The Basics of the Section 199 Deduction
Businesses with "qualified production activities" can take a tax deduction of 3 percent from net income. The more complicated the business, the more complicated the math for calculating the domestic production activities deduction.
In a nutshell, businesses engaged in manufacturing and other qualified production activities will have to implement cost accounting mechanisms to make sure their tax deduction is accurately calculated.
Qualified Production Activities
A business engaged in the following lines of business may qualify for the domestic production activities deduction. The "qualified production activities" eligible for claiming the deduction under Internal Revenue Code Section 199 include:
- Manufacturing based in the U.S.
- Selling, leasing or licensing items that have been manufactured in the U.S.
- Selling, leasing or licensing motion pictures that have been produced in the U.S.
- Construction services in the U.S., including building and renovation of residential and commercial properties
- Engineering and architectural services relating to a U.S.-based construction project,
- Software development in the U.S., including the development of video games.
General Rule and Safe Harbor
The domestic production activities deduction is limited to income resulting from qualified production activities in whole or significant part based in the U.S. Businesses must use either the safe harbor rule or allocate costs using the facts and circumstances of their business if any part of manufacturing or production activities take place outside the U.S. The safe harbor rule applies if at least 20 percent of total costs are from U.S.-based production activities.
Non-Qualified Production Activities
The following lines of business are specifically excluded from claiming the domestic production activities deduction:
- Construction services that are cosmetic in nature, such as painting
- Leasing or licensing items to a related party
- Selling food or beverages prepared at a retail establishment
Figuring the Tax Deduction
Calculating the domestic production activities deduction can be either ridiculously simple or enormously complex, depending on the nature of the business. The key is to examine "qualified production activities income" (QPAI) and the limitations.

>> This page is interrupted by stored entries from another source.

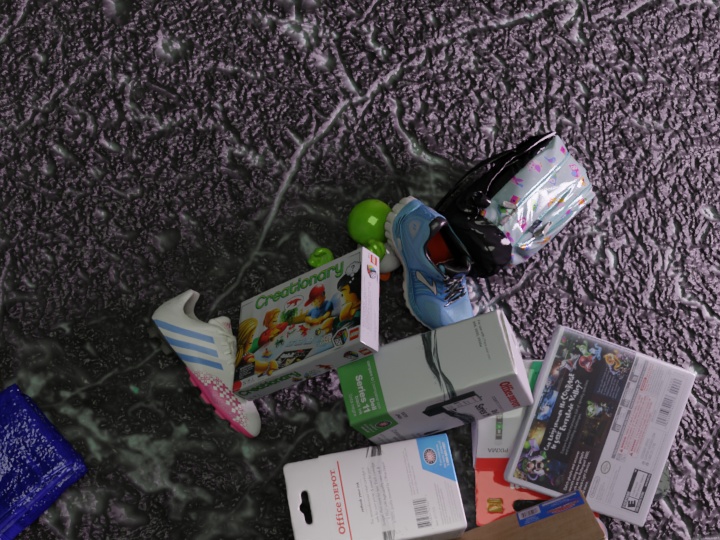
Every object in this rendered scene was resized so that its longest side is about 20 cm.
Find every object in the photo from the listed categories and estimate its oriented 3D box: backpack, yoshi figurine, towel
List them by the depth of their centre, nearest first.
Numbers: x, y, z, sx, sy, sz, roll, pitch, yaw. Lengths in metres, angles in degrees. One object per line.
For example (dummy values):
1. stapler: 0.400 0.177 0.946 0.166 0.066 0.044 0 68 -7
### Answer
1. towel: -0.442 0.250 1.218 0.200 0.050 0.148 -43 83 -12
2. yoshi figurine: -0.011 -0.010 1.287 0.112 0.112 0.200 34 73 11
3. backpack: 0.193 -0.081 1.304 0.200 0.167 0.127 -40 100 -17

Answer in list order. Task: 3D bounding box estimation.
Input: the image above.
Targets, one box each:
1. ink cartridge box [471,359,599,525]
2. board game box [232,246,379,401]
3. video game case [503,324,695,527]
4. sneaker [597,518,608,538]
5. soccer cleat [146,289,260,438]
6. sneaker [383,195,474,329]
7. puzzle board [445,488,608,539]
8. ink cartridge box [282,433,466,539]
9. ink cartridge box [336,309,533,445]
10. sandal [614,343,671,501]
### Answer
1. ink cartridge box: 0.219 0.212 1.278 0.160 0.050 0.201 1 74 -4
2. board game box: -0.064 0.065 1.208 0.200 0.035 0.127 -24 49 32
3. video game case: 0.291 0.189 1.259 0.181 0.023 0.201 19 91 -4
4. sneaker: 0.203 0.340 1.236 0.199 0.080 0.072 -15 94 -29
5. soccer cleat: -0.174 0.110 1.259 0.086 0.070 0.200 -41 81 -3
6. sneaker: 0.097 0.007 1.257 0.078 0.090 0.200 -42 127 -22
7. puzzle board: 0.174 0.315 1.178 0.199 0.151 0.017 -22 96 4
8. ink cartridge box: 0.015 0.273 1.229 0.199 0.068 0.116 -9 66 -6
9. ink cartridge box: 0.091 0.130 1.205 0.199 0.147 0.083 -19 65 10
10. sandal: 0.349 0.186 1.292 0.075 0.048 0.201 -12 78 -6
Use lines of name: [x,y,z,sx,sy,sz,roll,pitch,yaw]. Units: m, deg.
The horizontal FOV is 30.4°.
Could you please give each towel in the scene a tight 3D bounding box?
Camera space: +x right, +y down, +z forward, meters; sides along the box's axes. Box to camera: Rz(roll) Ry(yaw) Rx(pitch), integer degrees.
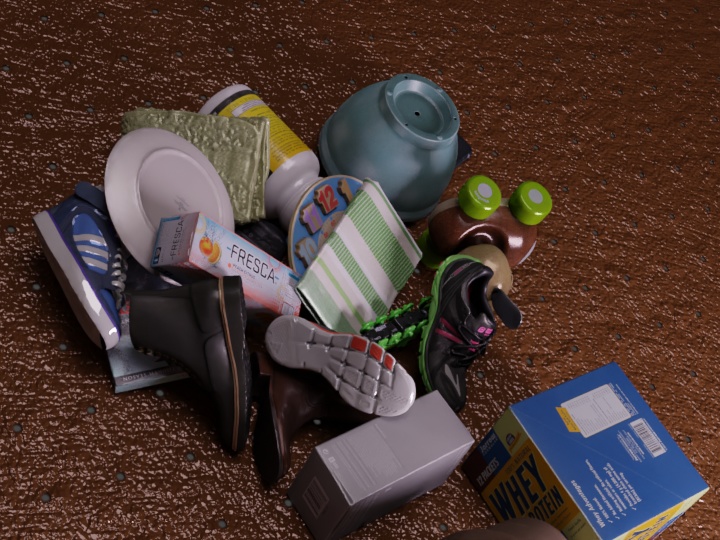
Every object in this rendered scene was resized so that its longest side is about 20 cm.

Domestic Production Activities Deduction Calculation
Qualified production activities income (QPAI)
minus qualified production activities expenses
equals qualified production activities net income
times the QPA deduction amount of 3 percent
equals the Tentative QPA deduction
Qualified Production Activity Income (QPAI)
Qualified production activity income is all income resulting from qualified production activities. For a business with only one line of business, this will be the same as gross income. For businesses with multiple lines of business, income must be allocated.
Qualified Production Activity Expenses
Qualified production activity expenses are all expenses directly related to the qualified production activities.
For a business with only one line of business, this will be the same as total expenses. For businesses with multiple lines of business, income must be allocated.
The dollar amount of the domestic production activities deduction is limited. The deduction cannot exceed adjusted gross income for sole proprietors, partnerships, S-corporations or limited liability corporations, or taxable income for C-corporations. The deduction cannot exceed 50 percent of W-2 wages.
"The rules are simplified for small businesses in a single line of business," according to Paul Schlather. Make sure your business qualifies under the qualified production activities rules, then take 3 percent of net income. Compare the 3 percent figure to adjusted gross income and W-2 wages paid out. A business will not qualify for the domestic production activities deduction if it has zero net income or zero W-2 wages.
Where to Claim the Deduction
This deduction was part of the American Jobs Creation Act of 2004 and is covered under Internal Revenue Code Section 199 and IRS Proposed Regulations 1.199. The Domestic Production Activities Deduction is discussed in JK Lasser's Your Income Tax, Chapter 40.23, and JK Lasser's Small Business Taxes, Chapter 21.